Saturday, March 06, 2010

Greek tax evaders: freedom fighters?

An article in Britain's Daily Telegraph by Tracy Corrigan explores the urgent need for tax reform in Greece, and draws attention to the colossal scale of tax evasion, which for decades has been a national scandal and a threat to social stability.

Tax reform is vital for two reasons. First, the inefficiency of the Greek tax system is one of the main causes of the problem. Currently, tax collection is a bad joke. The self-employed systematically dodge taxes, and since they account for around 35pc of the workforce, and include many doctors and lawyers as well as a plumbers, Greece simply doesn't raise enough taxes to finance its bloated public sector.

Secondly, how can some Greeks be persuaded to accept a pay freeze or take lower pensions, if many in society don't pay their taxes? According to Michael Massourakis, chief economist at Alfa Bank: "This time around, there is an increasing awareness that you have to tackle certain issues that make the system very unfair."

At last, the government is taking on the ludicrous excesses in the public sector and the flagrant abuse by many who are self-employed. It has been accused of "soaking the rich" but it would be more accurate to say that it is soaking the honest. Most truly wealthy Greeks are bone dry. Those who will suffer are the honest doctors and entrepreneurs who now face a marginal tax rate of 45pc. There don't seem to be that many of them. Prior to recent changes, the top marginal tax rate of 40pc kicked in at €75,000 in income; according to Mr Massourakis, this was paid by only 40,000 Greek households, out of a population of 11m.

So far, so sensible.

However, if you scroll down to read the reader's comments below the article you get a feel for how the libertarian right wingers who oppose tax, the state and anything to related to the European Union advocate criminal behaviour to further their cause. Take this, for example:

Why should the Greeks pay for a corrupt government and government debt issued fraudulently with the help of Goldman Sachs? Tax evaders are freedom fighters in the face of government fraud, war, bailouts, corruption and waste.
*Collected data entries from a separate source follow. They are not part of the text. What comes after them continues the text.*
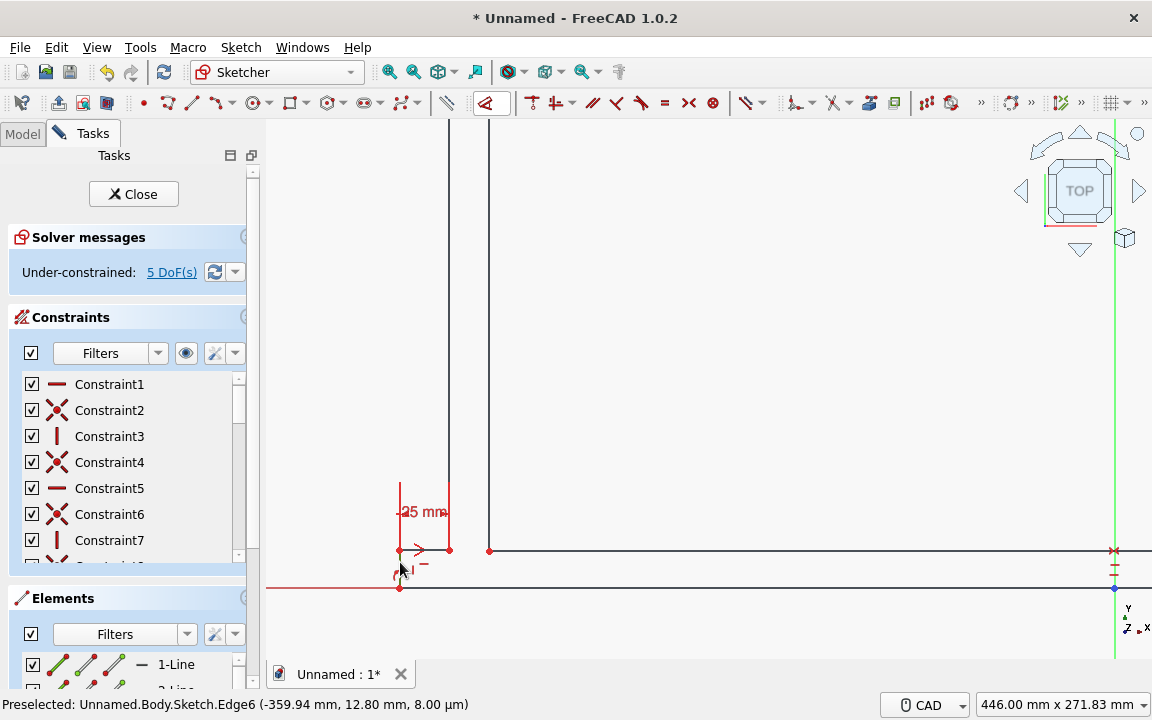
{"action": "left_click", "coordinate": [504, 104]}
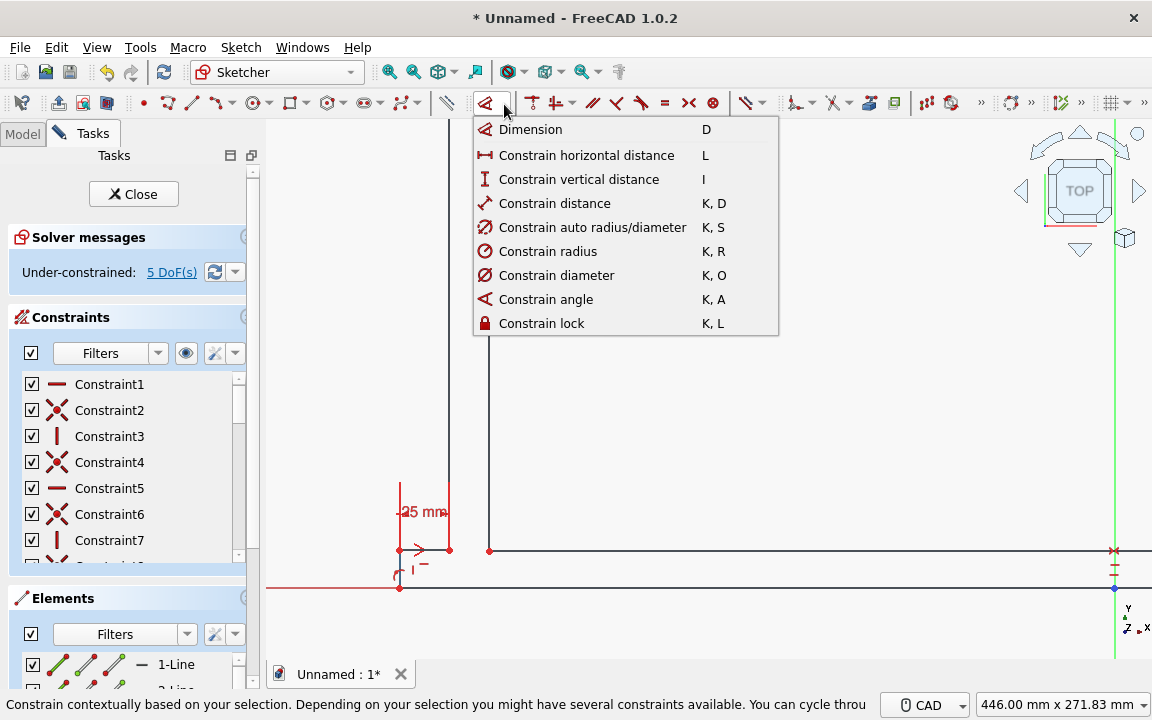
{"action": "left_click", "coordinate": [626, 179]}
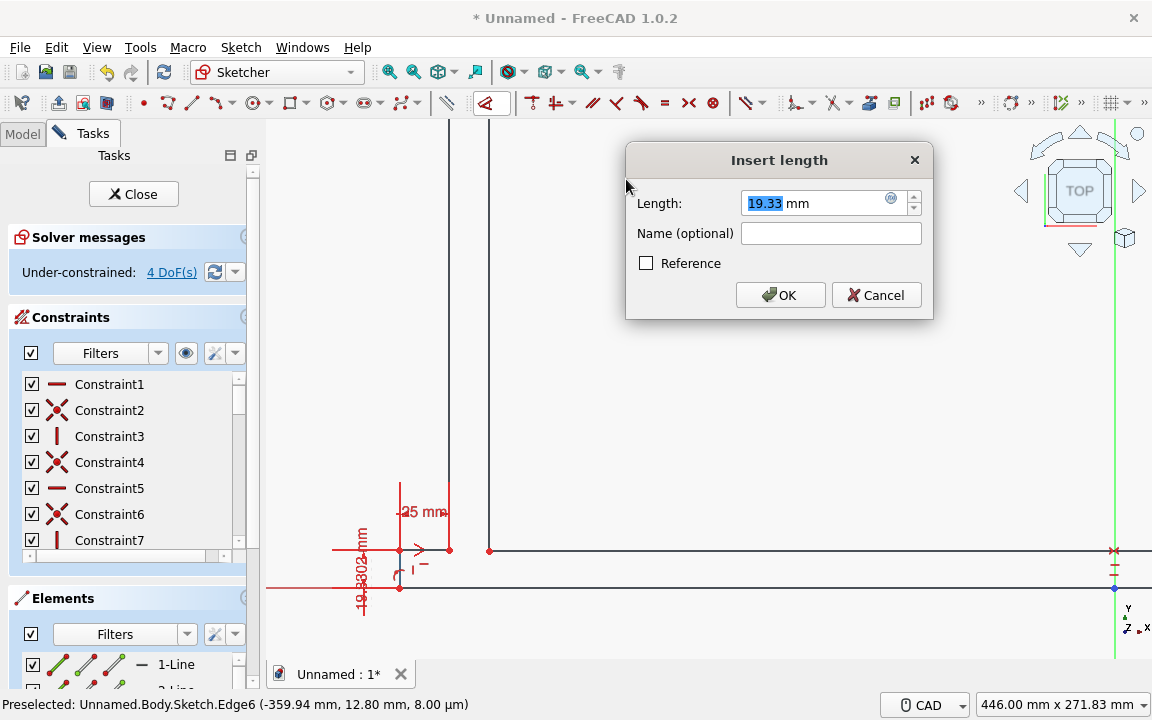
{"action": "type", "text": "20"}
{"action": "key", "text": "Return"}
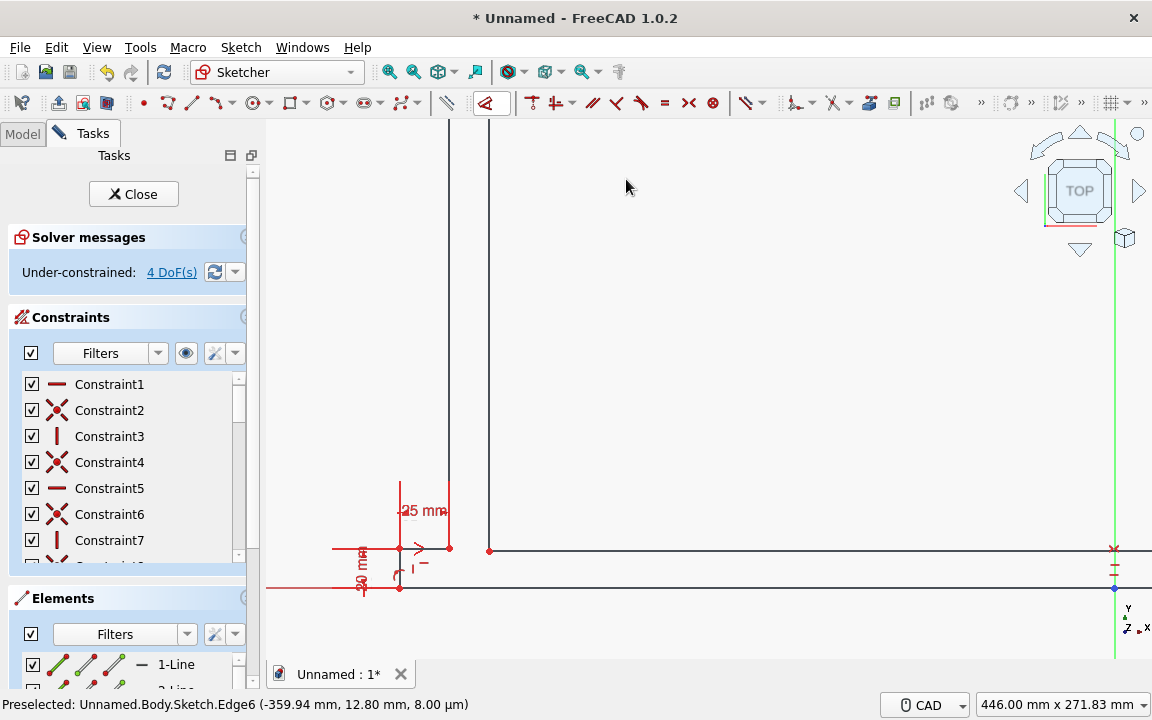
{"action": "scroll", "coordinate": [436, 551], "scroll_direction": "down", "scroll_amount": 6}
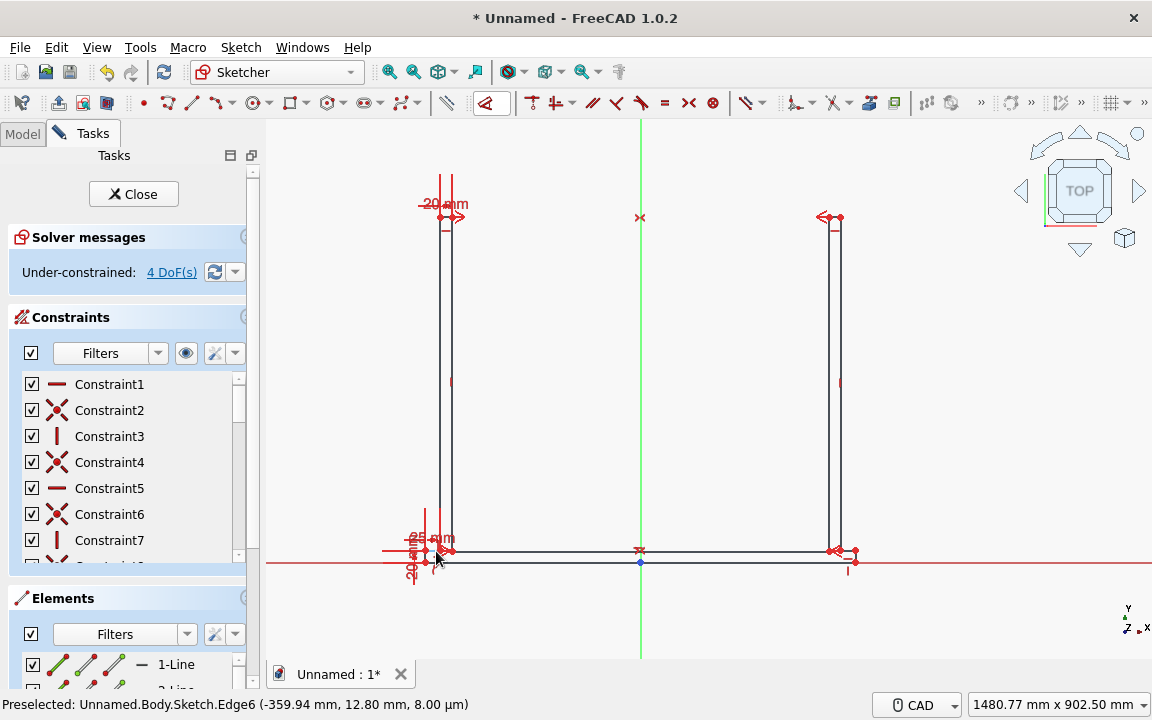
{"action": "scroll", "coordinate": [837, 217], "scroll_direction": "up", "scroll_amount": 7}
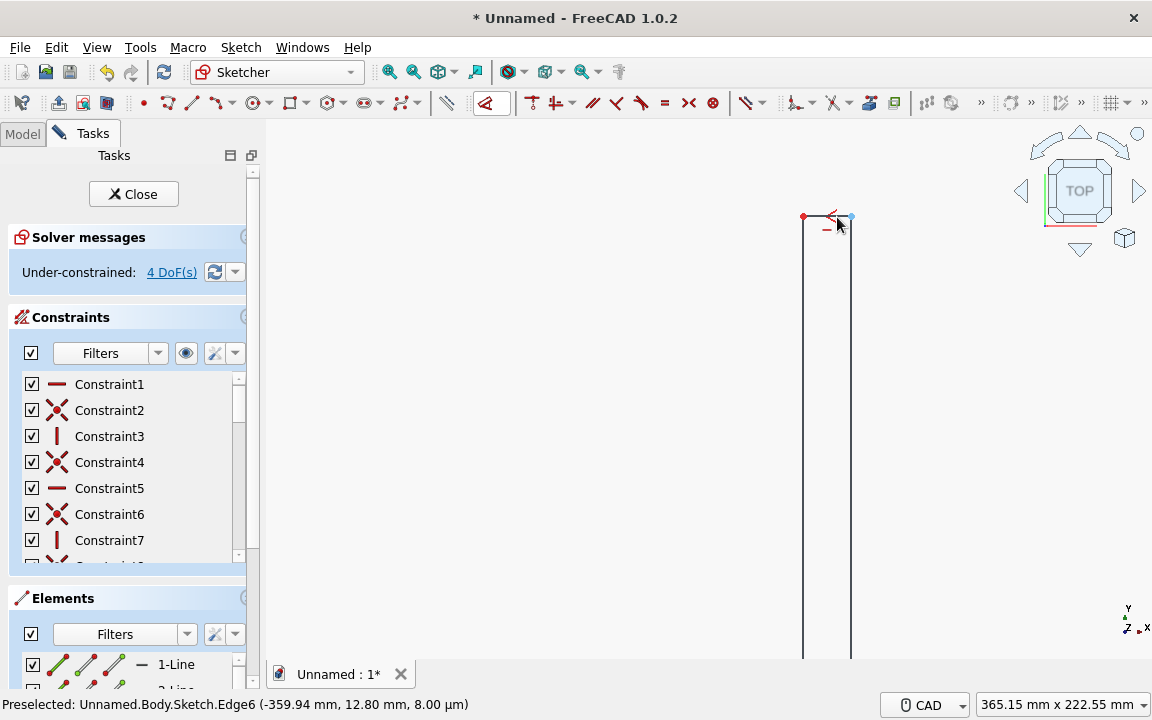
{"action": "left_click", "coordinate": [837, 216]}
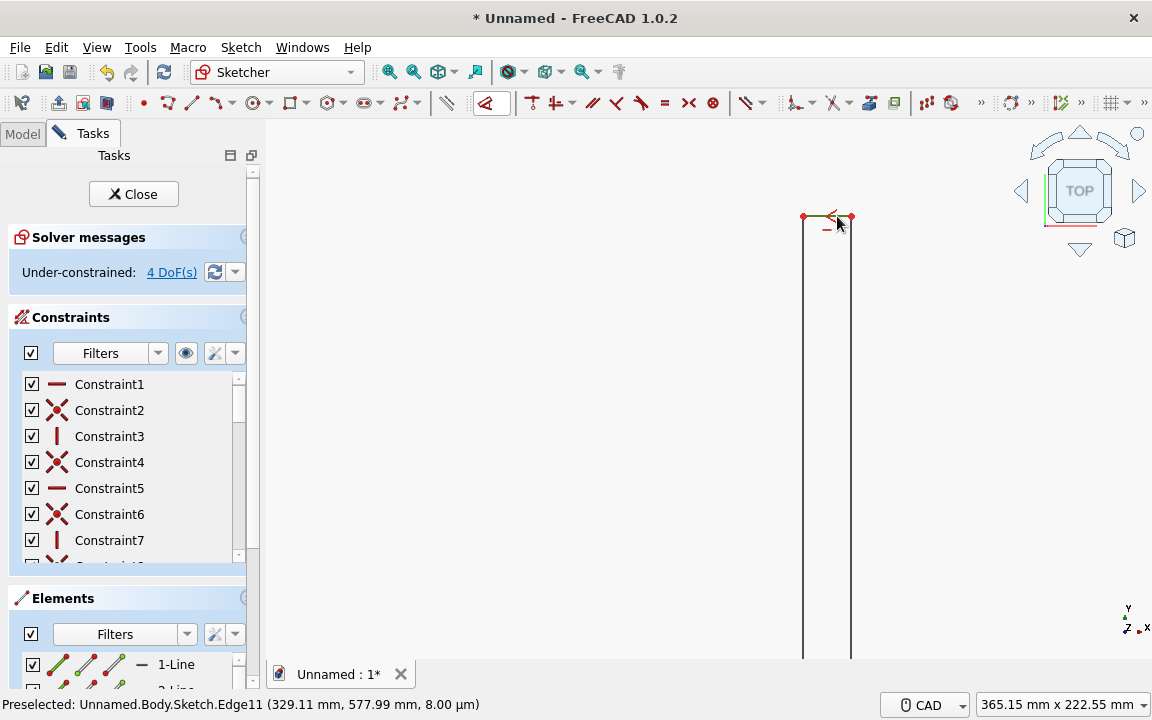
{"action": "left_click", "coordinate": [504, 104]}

The best the Greece can do for its economy is to leave the Euro and kick out the financial terrorists - Goldman Sachs, JPM et al - and revert to its original system of competing city-states after the Greek state goes bankrupt.

Yes, there has been a lot of corruption, not least on tax matters. Yes, Goldman Sachs' role needs careful scrutiny. But to leap from that to justify tax evasion with the ridiculous claim that Greek tax evaders are freedom fighters is astonishing, to say the least.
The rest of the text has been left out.